* [Exercise brief]:
Take the line containing "14.1 s after image 1." and every line after it in the data below, and print them exactly as given, with nothing else.

* [Data provided]:
———

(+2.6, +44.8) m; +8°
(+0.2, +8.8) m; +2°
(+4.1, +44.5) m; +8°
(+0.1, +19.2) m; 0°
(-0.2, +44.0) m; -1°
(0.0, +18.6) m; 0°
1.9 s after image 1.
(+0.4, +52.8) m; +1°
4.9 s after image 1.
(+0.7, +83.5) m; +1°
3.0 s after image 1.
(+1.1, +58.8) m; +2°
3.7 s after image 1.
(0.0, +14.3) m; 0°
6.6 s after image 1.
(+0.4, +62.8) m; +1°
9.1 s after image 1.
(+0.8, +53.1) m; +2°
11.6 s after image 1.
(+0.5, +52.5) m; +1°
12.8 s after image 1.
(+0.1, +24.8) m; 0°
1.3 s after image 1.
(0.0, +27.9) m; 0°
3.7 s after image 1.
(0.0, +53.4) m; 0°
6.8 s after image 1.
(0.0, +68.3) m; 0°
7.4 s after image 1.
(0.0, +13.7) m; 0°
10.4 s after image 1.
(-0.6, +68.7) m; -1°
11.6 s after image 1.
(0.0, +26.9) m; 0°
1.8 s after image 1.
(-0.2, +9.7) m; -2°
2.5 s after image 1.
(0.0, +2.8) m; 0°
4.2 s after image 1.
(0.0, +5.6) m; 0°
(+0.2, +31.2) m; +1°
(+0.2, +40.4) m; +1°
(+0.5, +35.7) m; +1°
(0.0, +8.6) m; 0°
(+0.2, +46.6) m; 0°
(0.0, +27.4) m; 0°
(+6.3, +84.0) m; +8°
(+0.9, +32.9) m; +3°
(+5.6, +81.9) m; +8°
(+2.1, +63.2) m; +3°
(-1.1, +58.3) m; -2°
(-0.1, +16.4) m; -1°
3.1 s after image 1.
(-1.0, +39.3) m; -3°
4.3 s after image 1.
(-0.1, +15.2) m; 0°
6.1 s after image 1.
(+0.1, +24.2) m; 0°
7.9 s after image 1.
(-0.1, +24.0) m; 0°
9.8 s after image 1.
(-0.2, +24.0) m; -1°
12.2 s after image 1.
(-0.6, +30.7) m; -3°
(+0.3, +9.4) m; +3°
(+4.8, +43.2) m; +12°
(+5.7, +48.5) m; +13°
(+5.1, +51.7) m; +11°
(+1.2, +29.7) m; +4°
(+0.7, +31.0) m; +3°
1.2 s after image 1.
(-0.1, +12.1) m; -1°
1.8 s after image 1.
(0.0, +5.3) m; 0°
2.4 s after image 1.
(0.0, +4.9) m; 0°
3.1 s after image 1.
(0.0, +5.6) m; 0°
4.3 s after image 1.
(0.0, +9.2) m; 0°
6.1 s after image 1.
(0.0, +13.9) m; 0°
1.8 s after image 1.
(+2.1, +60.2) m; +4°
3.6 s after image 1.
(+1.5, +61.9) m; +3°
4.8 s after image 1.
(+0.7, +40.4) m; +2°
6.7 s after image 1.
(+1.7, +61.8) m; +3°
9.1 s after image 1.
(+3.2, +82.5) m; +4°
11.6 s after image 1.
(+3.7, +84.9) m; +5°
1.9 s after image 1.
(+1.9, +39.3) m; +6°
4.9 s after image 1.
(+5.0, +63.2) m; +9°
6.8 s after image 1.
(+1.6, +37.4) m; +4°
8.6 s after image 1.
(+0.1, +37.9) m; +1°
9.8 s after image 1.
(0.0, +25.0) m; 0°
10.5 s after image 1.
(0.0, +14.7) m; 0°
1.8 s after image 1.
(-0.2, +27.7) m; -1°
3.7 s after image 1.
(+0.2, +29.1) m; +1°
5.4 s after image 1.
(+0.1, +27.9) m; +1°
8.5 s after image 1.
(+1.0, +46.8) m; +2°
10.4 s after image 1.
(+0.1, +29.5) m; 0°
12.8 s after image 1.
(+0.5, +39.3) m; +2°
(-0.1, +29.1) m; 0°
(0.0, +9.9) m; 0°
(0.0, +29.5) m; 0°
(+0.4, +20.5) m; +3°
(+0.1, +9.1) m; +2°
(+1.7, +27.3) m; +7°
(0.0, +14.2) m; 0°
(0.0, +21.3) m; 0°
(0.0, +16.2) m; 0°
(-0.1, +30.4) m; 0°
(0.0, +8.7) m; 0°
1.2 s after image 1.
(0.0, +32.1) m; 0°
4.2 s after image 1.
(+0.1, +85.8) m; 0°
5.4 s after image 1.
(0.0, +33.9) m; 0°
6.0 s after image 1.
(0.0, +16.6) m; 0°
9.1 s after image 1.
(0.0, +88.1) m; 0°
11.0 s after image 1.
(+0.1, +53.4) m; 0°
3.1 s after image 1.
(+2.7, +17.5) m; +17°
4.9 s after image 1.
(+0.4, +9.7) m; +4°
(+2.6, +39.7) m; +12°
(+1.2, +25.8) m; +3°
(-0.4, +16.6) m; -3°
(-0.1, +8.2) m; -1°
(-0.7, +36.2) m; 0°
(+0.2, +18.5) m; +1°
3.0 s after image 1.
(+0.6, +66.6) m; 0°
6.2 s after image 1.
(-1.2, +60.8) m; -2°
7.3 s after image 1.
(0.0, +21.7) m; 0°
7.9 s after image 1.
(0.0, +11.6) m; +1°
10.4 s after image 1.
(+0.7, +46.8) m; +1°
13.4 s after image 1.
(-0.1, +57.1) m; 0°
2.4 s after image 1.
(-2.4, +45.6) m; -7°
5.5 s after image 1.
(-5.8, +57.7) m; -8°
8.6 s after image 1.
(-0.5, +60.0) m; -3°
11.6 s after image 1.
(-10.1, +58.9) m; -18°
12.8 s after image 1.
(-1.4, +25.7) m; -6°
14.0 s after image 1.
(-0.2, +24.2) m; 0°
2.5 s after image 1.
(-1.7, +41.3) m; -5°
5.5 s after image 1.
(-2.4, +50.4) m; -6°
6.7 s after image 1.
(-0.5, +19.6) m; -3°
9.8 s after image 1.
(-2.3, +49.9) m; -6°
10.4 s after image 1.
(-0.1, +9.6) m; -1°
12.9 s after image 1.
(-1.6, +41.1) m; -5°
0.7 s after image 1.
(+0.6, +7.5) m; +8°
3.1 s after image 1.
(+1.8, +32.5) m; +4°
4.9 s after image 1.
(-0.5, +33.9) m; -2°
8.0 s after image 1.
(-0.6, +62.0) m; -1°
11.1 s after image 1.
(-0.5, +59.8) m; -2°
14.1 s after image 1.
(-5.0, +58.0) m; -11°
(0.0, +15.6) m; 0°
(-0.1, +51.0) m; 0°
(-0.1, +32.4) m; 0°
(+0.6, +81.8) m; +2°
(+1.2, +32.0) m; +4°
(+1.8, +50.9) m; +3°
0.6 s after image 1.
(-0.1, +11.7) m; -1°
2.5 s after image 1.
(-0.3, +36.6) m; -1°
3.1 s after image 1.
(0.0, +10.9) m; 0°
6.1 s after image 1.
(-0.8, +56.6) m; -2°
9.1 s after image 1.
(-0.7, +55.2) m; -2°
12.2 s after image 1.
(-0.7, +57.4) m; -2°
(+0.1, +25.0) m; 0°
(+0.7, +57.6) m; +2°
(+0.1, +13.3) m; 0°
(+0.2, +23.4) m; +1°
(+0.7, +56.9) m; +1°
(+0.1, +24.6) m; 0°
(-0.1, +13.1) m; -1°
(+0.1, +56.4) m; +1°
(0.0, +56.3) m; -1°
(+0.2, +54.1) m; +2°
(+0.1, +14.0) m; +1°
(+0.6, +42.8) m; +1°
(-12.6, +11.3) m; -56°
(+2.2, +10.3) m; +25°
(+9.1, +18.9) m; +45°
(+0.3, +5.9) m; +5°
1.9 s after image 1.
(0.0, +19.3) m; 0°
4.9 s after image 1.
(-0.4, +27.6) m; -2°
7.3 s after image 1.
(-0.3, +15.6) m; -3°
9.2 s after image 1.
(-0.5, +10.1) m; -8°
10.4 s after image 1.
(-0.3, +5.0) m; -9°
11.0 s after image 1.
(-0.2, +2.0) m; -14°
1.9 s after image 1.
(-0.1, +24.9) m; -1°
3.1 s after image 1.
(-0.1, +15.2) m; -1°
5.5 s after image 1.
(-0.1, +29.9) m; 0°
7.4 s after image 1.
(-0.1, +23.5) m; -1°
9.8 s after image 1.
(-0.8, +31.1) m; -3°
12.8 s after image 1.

———

* [Exercise answer]:
14.1 s after image 1.
(-5.0, +58.0) m; -11°
(0.0, +15.6) m; 0°
(-0.1, +51.0) m; 0°
(-0.1, +32.4) m; 0°
(+0.6, +81.8) m; +2°
(+1.2, +32.0) m; +4°
(+1.8, +50.9) m; +3°
0.6 s after image 1.
(-0.1, +11.7) m; -1°
2.5 s after image 1.
(-0.3, +36.6) m; -1°
3.1 s after image 1.
(0.0, +10.9) m; 0°
6.1 s after image 1.
(-0.8, +56.6) m; -2°
9.1 s after image 1.
(-0.7, +55.2) m; -2°
12.2 s after image 1.
(-0.7, +57.4) m; -2°
(+0.1, +25.0) m; 0°
(+0.7, +57.6) m; +2°
(+0.1, +13.3) m; 0°
(+0.2, +23.4) m; +1°
(+0.7, +56.9) m; +1°
(+0.1, +24.6) m; 0°
(-0.1, +13.1) m; -1°
(+0.1, +56.4) m; +1°
(0.0, +56.3) m; -1°
(+0.2, +54.1) m; +2°
(+0.1, +14.0) m; +1°
(+0.6, +42.8) m; +1°
(-12.6, +11.3) m; -56°
(+2.2, +10.3) m; +25°
(+9.1, +18.9) m; +45°
(+0.3, +5.9) m; +5°
1.9 s after image 1.
(0.0, +19.3) m; 0°
4.9 s after image 1.
(-0.4, +27.6) m; -2°
7.3 s after image 1.
(-0.3, +15.6) m; -3°
9.2 s after image 1.
(-0.5, +10.1) m; -8°
10.4 s after image 1.
(-0.3, +5.0) m; -9°
11.0 s after image 1.
(-0.2, +2.0) m; -14°
1.9 s after image 1.
(-0.1, +24.9) m; -1°
3.1 s after image 1.
(-0.1, +15.2) m; -1°
5.5 s after image 1.
(-0.1, +29.9) m; 0°
7.4 s after image 1.
(-0.1, +23.5) m; -1°
9.8 s after image 1.
(-0.8, +31.1) m; -3°
12.8 s after image 1.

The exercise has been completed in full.